DATA PROVIDED:
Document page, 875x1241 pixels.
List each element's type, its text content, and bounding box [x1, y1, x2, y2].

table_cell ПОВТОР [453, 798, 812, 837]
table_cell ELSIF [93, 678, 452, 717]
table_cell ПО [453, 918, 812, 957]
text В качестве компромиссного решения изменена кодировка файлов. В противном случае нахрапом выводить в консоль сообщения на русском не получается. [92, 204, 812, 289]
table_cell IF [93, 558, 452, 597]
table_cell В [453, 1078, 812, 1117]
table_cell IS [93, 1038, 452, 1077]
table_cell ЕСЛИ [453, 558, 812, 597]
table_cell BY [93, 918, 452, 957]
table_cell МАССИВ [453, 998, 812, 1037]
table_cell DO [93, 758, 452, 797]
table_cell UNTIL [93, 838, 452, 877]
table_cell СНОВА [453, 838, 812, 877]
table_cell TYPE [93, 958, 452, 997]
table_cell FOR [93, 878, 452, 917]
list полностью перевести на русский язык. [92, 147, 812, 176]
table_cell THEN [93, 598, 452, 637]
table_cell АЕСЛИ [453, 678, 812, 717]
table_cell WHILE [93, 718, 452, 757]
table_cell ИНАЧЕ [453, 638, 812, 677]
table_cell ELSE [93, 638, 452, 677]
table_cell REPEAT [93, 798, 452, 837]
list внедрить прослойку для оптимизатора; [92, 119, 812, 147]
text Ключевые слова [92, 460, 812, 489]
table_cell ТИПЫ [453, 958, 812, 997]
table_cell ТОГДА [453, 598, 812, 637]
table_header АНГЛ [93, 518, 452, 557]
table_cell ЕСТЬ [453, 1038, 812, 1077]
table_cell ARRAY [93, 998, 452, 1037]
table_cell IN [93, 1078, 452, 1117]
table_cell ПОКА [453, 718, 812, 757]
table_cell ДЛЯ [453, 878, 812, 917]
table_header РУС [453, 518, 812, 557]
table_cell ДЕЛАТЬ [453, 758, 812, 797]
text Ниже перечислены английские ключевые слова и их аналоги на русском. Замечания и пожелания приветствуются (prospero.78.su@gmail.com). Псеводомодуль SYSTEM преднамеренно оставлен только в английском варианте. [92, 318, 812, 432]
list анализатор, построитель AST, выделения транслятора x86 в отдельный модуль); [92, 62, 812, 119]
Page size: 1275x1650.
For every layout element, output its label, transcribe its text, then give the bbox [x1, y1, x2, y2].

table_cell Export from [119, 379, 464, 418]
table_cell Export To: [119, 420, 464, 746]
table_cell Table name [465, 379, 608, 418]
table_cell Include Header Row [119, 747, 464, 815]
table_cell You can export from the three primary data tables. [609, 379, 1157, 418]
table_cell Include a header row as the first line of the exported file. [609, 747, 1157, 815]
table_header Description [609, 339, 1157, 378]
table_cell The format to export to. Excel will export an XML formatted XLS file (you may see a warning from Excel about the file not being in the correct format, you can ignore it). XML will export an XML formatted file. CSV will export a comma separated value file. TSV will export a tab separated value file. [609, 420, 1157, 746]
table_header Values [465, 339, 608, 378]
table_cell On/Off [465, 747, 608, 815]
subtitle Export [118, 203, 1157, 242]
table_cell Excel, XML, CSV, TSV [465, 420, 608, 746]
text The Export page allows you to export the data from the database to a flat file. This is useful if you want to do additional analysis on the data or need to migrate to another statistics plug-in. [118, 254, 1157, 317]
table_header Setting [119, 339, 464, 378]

--

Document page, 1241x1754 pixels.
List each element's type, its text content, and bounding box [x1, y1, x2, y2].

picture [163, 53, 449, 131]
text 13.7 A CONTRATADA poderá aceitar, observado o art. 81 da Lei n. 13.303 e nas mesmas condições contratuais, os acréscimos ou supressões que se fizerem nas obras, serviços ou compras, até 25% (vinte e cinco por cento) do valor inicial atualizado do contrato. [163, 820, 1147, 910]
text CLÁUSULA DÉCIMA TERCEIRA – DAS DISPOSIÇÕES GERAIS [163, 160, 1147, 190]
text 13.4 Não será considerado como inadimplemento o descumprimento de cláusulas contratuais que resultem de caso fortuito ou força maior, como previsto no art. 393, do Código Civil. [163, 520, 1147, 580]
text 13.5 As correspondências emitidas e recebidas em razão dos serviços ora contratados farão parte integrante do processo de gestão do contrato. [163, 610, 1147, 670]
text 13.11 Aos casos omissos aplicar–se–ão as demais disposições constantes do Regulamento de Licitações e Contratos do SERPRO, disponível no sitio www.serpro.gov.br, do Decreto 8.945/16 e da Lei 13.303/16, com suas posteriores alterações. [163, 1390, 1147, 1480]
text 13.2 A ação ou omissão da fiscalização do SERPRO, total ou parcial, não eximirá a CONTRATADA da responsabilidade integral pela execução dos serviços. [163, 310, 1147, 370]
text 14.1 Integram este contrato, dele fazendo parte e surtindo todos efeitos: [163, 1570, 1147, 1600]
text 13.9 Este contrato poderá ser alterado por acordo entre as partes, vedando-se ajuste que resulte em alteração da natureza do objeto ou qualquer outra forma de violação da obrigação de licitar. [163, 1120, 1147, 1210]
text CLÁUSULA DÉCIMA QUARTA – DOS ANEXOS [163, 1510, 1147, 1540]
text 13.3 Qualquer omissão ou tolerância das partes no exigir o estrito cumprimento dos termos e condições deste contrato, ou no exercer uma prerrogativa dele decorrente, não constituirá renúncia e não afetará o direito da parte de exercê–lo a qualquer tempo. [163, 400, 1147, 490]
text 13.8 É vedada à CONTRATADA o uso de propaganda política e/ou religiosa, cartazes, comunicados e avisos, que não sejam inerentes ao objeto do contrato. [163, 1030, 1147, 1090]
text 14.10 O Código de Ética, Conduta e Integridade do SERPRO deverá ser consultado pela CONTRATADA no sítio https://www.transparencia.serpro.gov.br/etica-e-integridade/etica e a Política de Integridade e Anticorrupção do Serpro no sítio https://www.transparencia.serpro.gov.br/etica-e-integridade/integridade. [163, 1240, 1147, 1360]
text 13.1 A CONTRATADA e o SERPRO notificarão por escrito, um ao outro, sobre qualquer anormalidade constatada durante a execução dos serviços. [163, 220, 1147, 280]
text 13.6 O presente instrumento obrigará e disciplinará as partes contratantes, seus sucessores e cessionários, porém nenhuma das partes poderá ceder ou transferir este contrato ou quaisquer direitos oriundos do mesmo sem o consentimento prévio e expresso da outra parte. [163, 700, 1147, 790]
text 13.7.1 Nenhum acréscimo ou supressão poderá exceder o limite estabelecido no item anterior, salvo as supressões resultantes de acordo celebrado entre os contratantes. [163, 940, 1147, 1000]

---

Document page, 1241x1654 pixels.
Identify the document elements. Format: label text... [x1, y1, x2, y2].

AIM OF THE TASK: Once the lines holding the word "pixels" in the material above are counted, report that number by itself.

ANSWER BOX: 3